OK! So we've printed five of the parameter dictionaries. Next let's look at an example of how we would actually use this. 

## Generation for specific problems
Let's say I want to generate reviews which would be used to help with the complaints model. 

For this I want to suggest a specific list of relevant topics. I also want to remove the positive sentiments from the sentiment list


In [23]:
complaints_params = data_augmentation.generate_parameter_dictionaries_combinatorically(
    dictionary_of_parameter_names_to_value_lists={
        "reading_age": data_augmentation.READING_AGE_VALUE_LIST,
        "sentiment": ["very negative", "slightly negative", "neutral"],
        "location": data_augmentation.LOCATION_VALUE_LIST,
        "topic": [
            "a complaint",
            "fraud",
            "malpractice",
            "harassment",
            "theft",
            "racism",
        ],
        "word_count": data_augmentation.WORD_COUNT_VALUE_LIST,
    }
)
complaints_params = list(complaints_params)
print(len(complaints_params))

864


OK! So now we have 864 different relevant context prompts. We can then use the `n` parameter on the actual comment generation function to get to the number of comment that we want.
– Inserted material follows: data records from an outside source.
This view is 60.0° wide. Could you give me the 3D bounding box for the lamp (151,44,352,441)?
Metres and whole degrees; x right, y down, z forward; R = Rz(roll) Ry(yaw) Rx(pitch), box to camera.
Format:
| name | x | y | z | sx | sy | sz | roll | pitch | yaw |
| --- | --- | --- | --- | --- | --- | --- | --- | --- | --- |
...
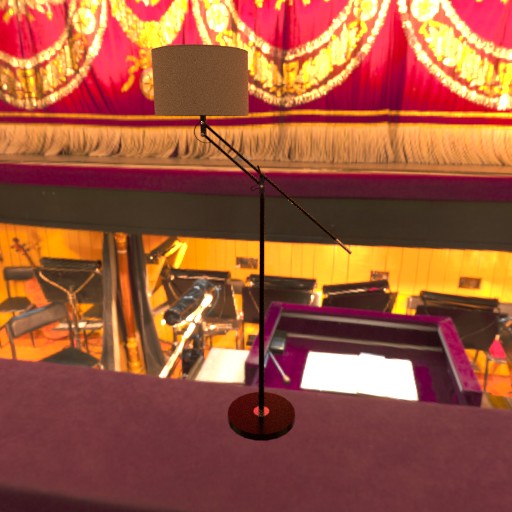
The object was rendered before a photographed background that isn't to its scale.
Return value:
| name | x | y | z | sx | sy | sz | roll | pitch | yaw |
| --- | --- | --- | --- | --- | --- | --- | --- | --- | --- |
| lamp | 0.000 | 0.000 | 1.912 | 0.809 | 1.635 | 0.373 | 3 | 17 | 10 |

For the sake of this demo, let's just generate five different reviews from five different contexts. 

In [24]:
for param_set in random.sample(complaints_params, 5):
    context = data_augmentation.generate_parameterised_context(
        base_context_filename="comment_generation_context_1",
        prompt_parameters=param_set,
    )
    reviews += data_augmentation.generate_openai_review(context=context, n=1)

[print(r) for r in reviews]

I recently had a pretty disappointing experience at my local GP practice and I wanted to share it with others. It was my first visit to this particular practice, and I have to say, I was not impressed. 

Firstly, the receptionist seemed incredibly disinterested in helping me. She barely made eye contact and could hardly be bothered to answer my questions. It made me feel unwelcome and unheard, which is not the kind of service you expect when you're visiting a doctor.

Once I finally got in to see the GP, things didn't improve. The doctor seemed rushed and barely gave me a chance to explain my symptoms. Instead, they quickly glanced at my records and prescribed a medication without even bothering to ask if I had any allergies or previous bad reactions. It felt like a one-size-fits-all approach, without any consideration for my personal health history.

To make matters worse, when I went to collect my prescription from the pharmacy, they had made a mistake and given me the wrong medicati

[None, None, None, None, None, None, None, None]

Clearly, the context prompt provided is not sufficient at reducing the literacy level. This is a point to improve. 

When working on a new problem, remember that you can create a new prompt context template in the appropriate folder, with whatever parameters you wish. 

Also remember to register your generated data when you've created it!